Hay niños que se sienten prisioneros en los centros educativos, niños que añoran otra forma de libertad.
Parece que, para nuestros gobernantes, las notas fueran la única vara de medir el esfuerzo y la valía personal. Pues bien, sostengo que con este discurso estamos sólo sembrando más fracaso, personal y escolar. Más chicos que se irán autoexcluyendo del sistema, con tristeza y con rabia hacia una sociedad que ha convertido sus dificultades en la marca de una derrota, que no les ha dedicado atención (fijémonos en la reducción del número de profesores y de clases de apoyo), que les ha culpabilizado, que les ha hecho volverse contra sí mismos.
Vicente Aleixandre, otro gran poeta, recuerda así el camino que le llevaba al colegio:
Un viento barría los sombreros de las viejas señoras.
No se hería en los apacibles bastones de los caballeros.
Y encendía como una rosa de ilusión, y apenas de beso, en las mejillas de los inocentes.
Los árboles en hilera era un vapor inmóvil, delicadamente
suspenso bajo el azul.
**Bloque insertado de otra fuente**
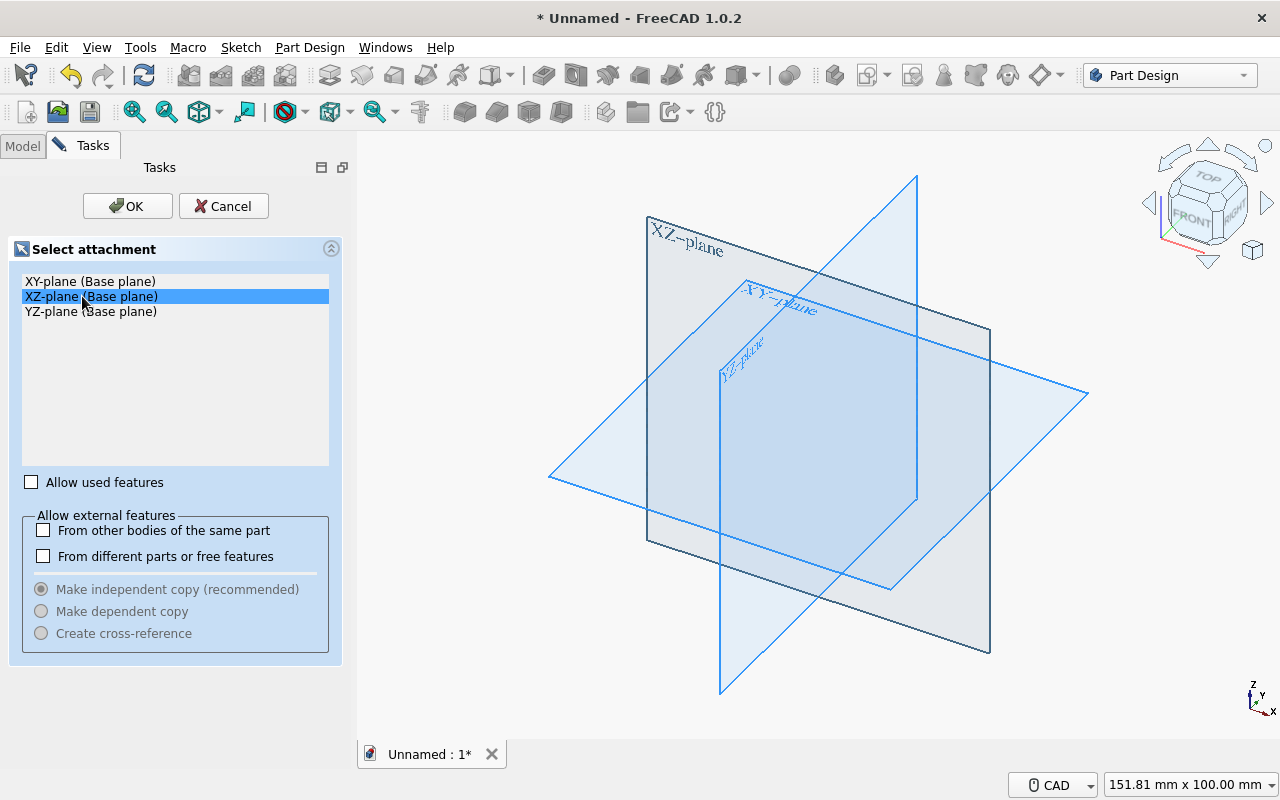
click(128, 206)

Y yo casi ya por el aire,
yo apresurado bajaba en mi bicicleta y me sonreía…
y recuerdo perfectamente
cómo misteriosamente plegaba mis alas en el umbral mismo del colegio.
Quizá, al final, lo más esencial que saque un niño de su paso por el colegio sea un recorrido en bicicleta, la luz que entraba oblicua por la ventana, las palabras de un profesor inspirado, un momento de intimidad con sus compañeros, o la fantasía de salir volando por la ventana. No es posible saberlo, quizá ni siquiera ese niño lo sepa. Los profesores deberíamos intentar que ninguno se sintiera prisionero, como Rafael Alberti, y que todos pudieran, ya dentro, abrir y cerrar sus alas. Pero esto es demasiado sutil para quienes nos gobiernan. Y no lo sabe nadie que no haya pasado muchas horas en un colegio, es decir, nadie que no siga en contacto con el niño y el adolescente que fue. Y no se mide en ninguna prueba. A veces son momentos que pasan desapercibidos. Tenemos que estar todos muy atentos y tratar de cuidarlos.